▶ _Supplied information_
_ _ _ _ _ _ _
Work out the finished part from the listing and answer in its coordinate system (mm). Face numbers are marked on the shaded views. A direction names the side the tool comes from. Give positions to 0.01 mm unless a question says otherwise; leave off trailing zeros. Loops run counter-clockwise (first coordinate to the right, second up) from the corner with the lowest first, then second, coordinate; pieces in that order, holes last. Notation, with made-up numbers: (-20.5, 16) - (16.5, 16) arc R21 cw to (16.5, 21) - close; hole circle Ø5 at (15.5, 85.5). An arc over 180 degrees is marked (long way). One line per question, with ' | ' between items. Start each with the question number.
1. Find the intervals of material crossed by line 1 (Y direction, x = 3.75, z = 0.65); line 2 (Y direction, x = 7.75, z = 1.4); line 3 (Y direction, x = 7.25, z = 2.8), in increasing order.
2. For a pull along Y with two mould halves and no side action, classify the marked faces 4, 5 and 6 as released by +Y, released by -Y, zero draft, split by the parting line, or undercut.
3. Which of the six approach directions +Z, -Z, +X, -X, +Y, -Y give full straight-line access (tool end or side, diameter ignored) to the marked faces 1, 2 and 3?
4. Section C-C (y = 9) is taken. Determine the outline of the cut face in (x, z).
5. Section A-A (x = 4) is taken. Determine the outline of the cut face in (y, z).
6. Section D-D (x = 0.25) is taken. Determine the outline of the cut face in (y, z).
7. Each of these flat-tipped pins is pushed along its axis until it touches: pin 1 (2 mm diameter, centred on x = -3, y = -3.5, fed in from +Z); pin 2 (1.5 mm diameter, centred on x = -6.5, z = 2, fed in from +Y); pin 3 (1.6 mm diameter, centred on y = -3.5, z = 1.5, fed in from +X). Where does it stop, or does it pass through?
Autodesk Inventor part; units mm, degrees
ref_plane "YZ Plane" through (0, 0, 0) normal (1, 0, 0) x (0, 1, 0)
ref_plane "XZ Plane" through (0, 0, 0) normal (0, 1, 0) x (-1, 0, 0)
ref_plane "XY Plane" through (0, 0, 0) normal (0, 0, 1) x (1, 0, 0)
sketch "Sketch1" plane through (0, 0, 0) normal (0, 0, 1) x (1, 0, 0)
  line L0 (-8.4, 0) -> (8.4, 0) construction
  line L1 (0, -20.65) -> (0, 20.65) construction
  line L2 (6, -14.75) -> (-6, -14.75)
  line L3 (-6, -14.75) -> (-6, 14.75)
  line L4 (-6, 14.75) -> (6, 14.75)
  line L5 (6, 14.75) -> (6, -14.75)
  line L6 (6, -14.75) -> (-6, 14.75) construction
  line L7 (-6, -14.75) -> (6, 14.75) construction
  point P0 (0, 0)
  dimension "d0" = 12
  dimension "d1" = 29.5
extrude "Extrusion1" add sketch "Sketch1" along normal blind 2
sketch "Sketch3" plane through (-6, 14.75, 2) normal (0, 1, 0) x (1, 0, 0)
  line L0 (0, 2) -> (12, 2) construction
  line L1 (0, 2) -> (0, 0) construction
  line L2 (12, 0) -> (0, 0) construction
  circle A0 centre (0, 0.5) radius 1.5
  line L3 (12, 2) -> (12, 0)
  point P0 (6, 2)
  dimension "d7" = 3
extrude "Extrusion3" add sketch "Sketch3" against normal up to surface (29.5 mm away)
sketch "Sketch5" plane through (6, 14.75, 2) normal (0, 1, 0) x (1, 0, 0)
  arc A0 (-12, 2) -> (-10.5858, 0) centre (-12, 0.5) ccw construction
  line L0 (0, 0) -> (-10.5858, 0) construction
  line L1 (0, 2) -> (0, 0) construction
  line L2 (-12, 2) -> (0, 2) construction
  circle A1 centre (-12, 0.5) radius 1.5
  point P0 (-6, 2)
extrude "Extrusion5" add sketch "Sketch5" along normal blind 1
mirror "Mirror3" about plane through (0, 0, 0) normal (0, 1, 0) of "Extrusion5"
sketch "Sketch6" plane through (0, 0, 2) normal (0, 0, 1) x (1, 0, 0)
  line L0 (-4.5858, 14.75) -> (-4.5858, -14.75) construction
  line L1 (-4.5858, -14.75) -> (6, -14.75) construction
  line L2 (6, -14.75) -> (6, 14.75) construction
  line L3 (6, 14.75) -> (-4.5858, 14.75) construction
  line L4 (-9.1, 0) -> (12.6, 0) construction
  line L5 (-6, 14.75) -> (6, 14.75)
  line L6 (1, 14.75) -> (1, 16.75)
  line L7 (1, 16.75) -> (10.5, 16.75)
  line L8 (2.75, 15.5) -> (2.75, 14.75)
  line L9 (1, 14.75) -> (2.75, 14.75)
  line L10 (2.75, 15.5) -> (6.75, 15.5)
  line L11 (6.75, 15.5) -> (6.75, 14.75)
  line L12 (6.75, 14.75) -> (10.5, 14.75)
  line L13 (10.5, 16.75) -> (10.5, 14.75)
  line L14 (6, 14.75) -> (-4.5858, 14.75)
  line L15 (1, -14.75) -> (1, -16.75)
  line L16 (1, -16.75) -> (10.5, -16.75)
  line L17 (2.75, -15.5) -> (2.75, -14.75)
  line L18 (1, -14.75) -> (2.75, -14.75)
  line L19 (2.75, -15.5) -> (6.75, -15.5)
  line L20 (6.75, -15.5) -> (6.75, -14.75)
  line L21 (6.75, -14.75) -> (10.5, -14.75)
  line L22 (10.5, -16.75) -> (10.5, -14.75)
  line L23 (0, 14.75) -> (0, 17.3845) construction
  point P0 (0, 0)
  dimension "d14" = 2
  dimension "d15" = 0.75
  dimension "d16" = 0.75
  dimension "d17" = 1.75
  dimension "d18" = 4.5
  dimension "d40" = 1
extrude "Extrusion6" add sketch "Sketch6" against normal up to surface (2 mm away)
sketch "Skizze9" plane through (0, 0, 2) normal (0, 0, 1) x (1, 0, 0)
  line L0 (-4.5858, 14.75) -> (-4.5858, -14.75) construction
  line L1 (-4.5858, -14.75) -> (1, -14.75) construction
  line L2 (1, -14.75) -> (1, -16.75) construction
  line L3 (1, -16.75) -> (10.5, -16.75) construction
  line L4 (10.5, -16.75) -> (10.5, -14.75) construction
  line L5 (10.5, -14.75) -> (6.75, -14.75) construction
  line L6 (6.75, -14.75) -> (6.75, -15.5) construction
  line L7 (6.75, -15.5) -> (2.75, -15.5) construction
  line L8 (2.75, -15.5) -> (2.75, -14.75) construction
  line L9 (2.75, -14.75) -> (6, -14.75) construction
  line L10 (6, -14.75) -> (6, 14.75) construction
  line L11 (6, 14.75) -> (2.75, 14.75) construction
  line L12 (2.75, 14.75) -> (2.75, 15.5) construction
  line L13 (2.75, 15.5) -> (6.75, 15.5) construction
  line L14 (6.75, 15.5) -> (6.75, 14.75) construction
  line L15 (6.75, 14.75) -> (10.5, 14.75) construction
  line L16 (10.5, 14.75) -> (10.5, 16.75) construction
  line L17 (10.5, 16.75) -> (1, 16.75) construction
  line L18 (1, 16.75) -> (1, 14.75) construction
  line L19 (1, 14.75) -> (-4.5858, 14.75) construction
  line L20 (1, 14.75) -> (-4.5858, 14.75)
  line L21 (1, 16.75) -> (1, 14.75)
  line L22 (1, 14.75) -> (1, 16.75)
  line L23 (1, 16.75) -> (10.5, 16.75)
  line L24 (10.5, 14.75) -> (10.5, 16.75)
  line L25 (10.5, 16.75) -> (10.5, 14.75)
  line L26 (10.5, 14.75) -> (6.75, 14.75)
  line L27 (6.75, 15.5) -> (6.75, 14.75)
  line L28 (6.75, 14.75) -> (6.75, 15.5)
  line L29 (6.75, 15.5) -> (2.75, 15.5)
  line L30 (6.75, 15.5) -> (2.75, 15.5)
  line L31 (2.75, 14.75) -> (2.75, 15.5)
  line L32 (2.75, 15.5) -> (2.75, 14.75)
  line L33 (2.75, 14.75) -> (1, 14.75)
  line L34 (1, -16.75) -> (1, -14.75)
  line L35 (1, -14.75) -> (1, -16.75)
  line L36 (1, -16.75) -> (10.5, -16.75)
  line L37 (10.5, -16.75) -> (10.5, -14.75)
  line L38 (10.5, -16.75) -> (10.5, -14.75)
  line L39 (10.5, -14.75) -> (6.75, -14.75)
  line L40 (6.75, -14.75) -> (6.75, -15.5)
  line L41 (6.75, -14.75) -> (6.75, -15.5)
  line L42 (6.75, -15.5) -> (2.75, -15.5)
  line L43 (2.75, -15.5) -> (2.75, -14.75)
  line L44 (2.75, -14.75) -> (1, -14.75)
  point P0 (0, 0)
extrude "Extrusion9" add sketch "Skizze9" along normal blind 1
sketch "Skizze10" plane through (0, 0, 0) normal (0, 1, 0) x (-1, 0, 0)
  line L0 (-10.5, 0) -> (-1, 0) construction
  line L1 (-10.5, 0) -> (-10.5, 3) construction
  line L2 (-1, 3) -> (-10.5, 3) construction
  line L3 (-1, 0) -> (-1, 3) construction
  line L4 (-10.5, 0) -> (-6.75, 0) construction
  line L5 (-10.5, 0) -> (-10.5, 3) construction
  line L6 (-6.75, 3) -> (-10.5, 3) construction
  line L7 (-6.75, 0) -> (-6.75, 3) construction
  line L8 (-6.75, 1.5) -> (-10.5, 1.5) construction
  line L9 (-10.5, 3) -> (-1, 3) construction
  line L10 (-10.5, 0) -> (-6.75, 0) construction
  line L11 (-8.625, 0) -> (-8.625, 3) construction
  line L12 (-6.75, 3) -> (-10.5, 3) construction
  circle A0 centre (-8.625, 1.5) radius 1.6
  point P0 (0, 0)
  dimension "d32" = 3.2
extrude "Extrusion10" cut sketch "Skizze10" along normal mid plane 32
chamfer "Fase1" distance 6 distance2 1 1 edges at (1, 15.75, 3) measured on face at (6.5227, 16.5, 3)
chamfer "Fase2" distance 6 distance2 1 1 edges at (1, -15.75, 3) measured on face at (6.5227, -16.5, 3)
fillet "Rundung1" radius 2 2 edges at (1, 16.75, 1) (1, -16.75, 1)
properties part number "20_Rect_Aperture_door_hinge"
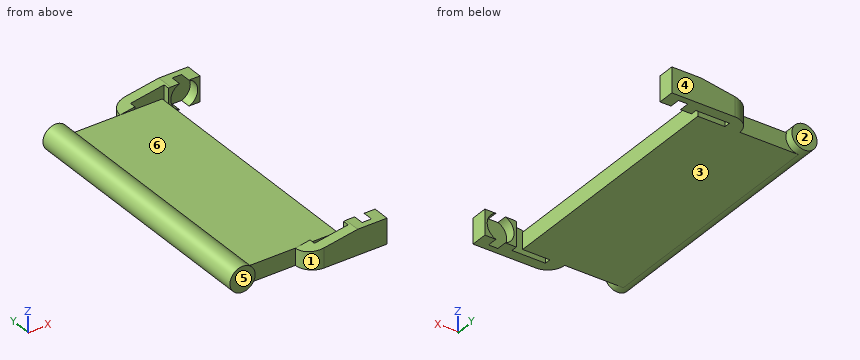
_ _ _ _ _ _ _
▶ _What this task involves_
The entries above hold the needed span. Transcribe exactly the lines from the one with "circle A0 centre (0, 0.5) radius 1.5" to the one with "line L0 (0, 0)", both included.

▶ _Response to the task_
  circle A0 centre (0, 0.5) radius 1.5
  line L3 (12, 2) -> (12, 0)
  point P0 (6, 2)
  dimension "d7" = 3
extrude "Extrusion3" add sketch "Sketch3" against normal up to surface (29.5 mm away)
sketch "Sketch5" plane through (6, 14.75, 2) normal (0, 1, 0) x (1, 0, 0)
  arc A0 (-12, 2) -> (-10.5858, 0) centre (-12, 0.5) ccw construction
  line L0 (0, 0) -> (-10.5858, 0) construction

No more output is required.